Farmed Fruit

VITICULTURE TO VINIFICATION


When Robert Butz and his wife Cathy began to look into growing grapes about 10 years ago, the idea was simply to add another crop to the family farm. Butz and his three brothers raise corn, soybeans, wheat, and hay on some 1,200 acres in Montgomery and Frederick counties for the family’s second-generation Windridge Farm.

“I was looking for another agronomic challenge,” Butz says. “We wanted to diversify the farm.”

But grapes made sense on another level. “We’re a wine drinking family,” says Butz. His uncle, Rob Truland (whom he’s named after), now a partner in the venture, had a taste for fine Bordeaux, Butz says.

The couple planted about nine acres in Darnestown near their home in Montgomery County; the first planting included chardonnay, cabernet franc, cabernet sauvignon, merlot, petit verdot, and a hybrid chardonnay (seyval crossed with chardonnay) developed by Cornell University called chardonel. After a few years of selling grapes to wineries the Butzes got the itch to try their hand at vinification—or fermenting and bottling it themselves.

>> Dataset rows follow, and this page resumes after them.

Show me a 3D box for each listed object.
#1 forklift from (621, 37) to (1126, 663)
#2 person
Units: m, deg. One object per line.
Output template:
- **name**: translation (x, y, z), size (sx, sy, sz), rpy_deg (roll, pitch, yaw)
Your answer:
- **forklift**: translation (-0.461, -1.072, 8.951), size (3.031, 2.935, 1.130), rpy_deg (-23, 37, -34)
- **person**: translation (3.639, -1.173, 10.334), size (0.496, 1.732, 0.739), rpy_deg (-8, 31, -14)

They hired a winemaker, Nick Maliska, the former vineyard manager for the Vineyards at Dodon, installed winemaking equipment in a Frederick warehouse, and produced just shy of 2,000 cases in 2017 and slightly more in 2018. Butz is pleased with the results, crediting the 10-year-old vines. “Although we’re a new winery, the vineyard is coming into its prime right now,” he says.

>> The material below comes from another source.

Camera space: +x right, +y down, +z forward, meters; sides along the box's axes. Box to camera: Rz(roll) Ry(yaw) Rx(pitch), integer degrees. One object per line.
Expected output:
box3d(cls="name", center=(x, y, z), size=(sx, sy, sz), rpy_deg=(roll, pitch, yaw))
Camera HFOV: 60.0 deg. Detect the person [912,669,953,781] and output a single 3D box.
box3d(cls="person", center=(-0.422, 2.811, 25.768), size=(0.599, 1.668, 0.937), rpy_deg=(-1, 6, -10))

In July, Windridge Vineyards opened a temporary tasting room in Darnestown—consisting of an open-air pavilion set atop a hill overlooking neat rows of vines and rolling countryside beyond—operating it into the fall. They’ve begun construction on a new facility at the Darnestown vineyard, with plans to move the winemaking operation from Frederick.

The new building will be ready by late spring of 2020, Butz says. In addition to an 1,800-square-foot tasting room, there will be seating for about 65 along with a sampling bar and an outdoor patio.

Windridge wines are priced in the $30 range, with the limited edition cabernet franc and the Seneca red blend the most popular reds, Butz says. He has high expectations for the newly released Encampment, a blend of cabernets sauvignon and franc, and he’s most excited about the sparkling wine currently aging in bottles. “We’re doing a traditional method sparkling wine, like Champagne,” he says. “It’s a huge commitment of time, but we made every decision along the way to make the best wine we could.” –M.T.